The procedure identifies a bacterial colony by comparing an image of its scatter pattern against a template that contains 120 features described by Zernike polynomials.
"A good analogy is the method used by law enforcement to identify a person's face using specialized recognition software," Rajwa stated. "You could describe the face as being made up of a combination of geometric shapes, like ovals, squares and triangles, but each face has a unique blend of these shapes. We did something similar. We reduced complicated scatter patterns to 120 numbers based on Zernike polynomials."
The reduced collection of numbers describes how well the colony fits the template, and then pattern recognition software is used to classify the bacteria.
"One of the most important developments is being able to convert images to numbers, which makes it possible to classify the patterns," Rajwa said. "We are able to take images and convert them to numbers that uniquely describe every picture."
The researchers used the new system to classify six species of listeria, only one of which is a dangerous food-borne pathogen for humans.
"If you have a mixture of different listeria, you would like to know which is the one that can kill you," Rajwa said. "We took pictures of the scatter patterns from different listeria, and we were able to classify all of them accurately."
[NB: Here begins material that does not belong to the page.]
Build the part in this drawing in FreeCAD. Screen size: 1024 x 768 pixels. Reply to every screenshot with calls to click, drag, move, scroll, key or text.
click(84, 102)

The scientists used to system to accurately identify other types of bacterial colonies, including salmonella, vibrio, E. coli and bacillus.
"We were able to classify bacterial colonies with greater than a 90 per cent probability of being correct, which is as good as you could do with equipment costing more than $100,000, " Rajwa stated. "And, unlike conventional systems, our method is 100 percent non-invasive, which means we can carry out the procedure without staining, manipulating or killing the biological samples."
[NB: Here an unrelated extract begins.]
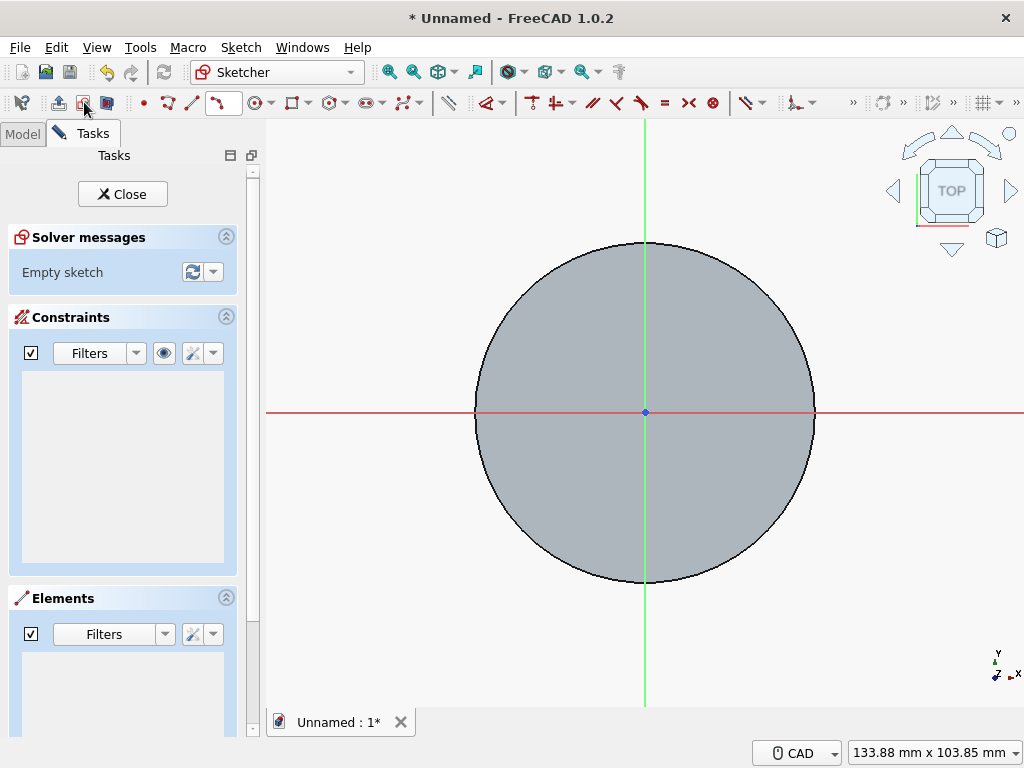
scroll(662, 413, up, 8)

Rajwa says the technology does not require complicated lab equipment. A system could be designed so that it wouldn't require someone with a doctoral degree to operate.
"The whole beauty of the system is you don't invade the biological environment that you want to measure," Rajwa stated. "If you are working with stem cells, you don't want to stain them to see if they are stem cells. You want to be able to look at colonies on a petri dish without touching the colonies, without staining or destroying the colonies."
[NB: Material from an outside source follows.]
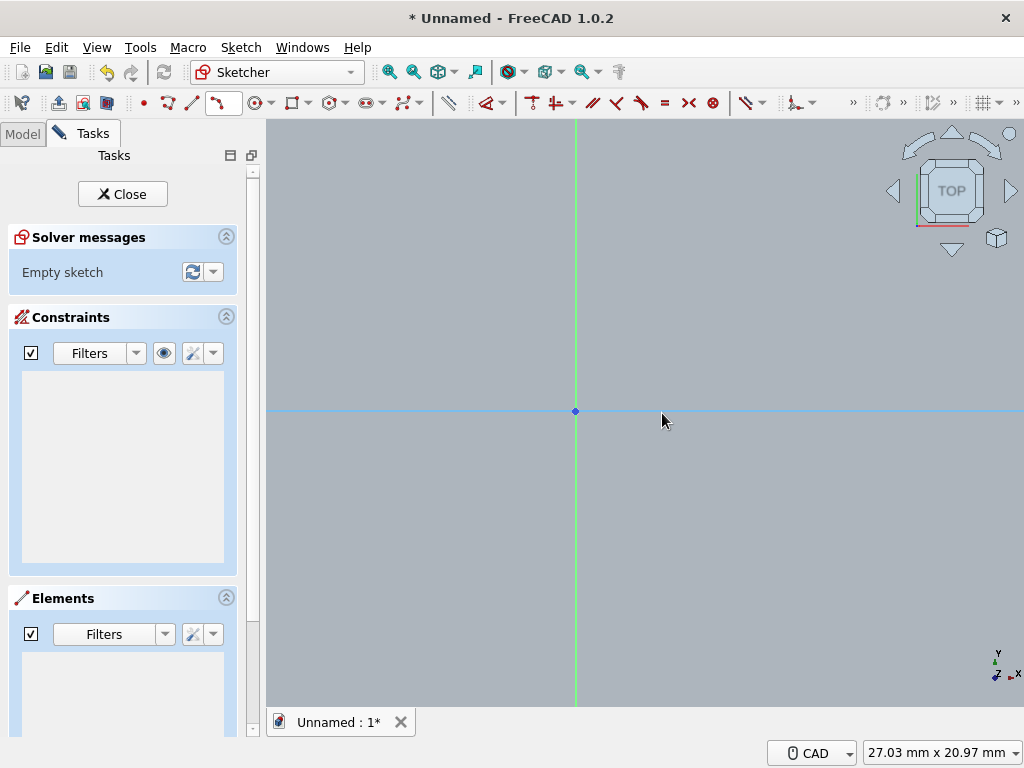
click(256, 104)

A mass-produced system based on the technology would consist of inexpensive, off-the-shelf hardware, such as red lasers and low-resolution digital cameras available at consumer electronics stores, and likely would cost less than $1,000, the researchers calculate.
The research has recently received funding from the US Department of Agriculture through Purdue's Centre for Food Safety Engineering.
The researchers say further work will include research to develop a graphical user interface.
"Now it requires a qualified, trained person to do all the recognition," Rajwa stated. "We want a system where you can actually put a petri dish or some other container into the system, you press enter and the computer says, 'This is salmonella of this type and this strain, ' and it does this quickly in real time. There is absolutely no fundamental reason why we wouldn't be able to do this, and we are pretty close to having an actual prototype of a product that could be commercialised."
The researchers have filed a provisional patent for the data-processing technique, and a full patent application has been filed on the underlying light-scattering technology.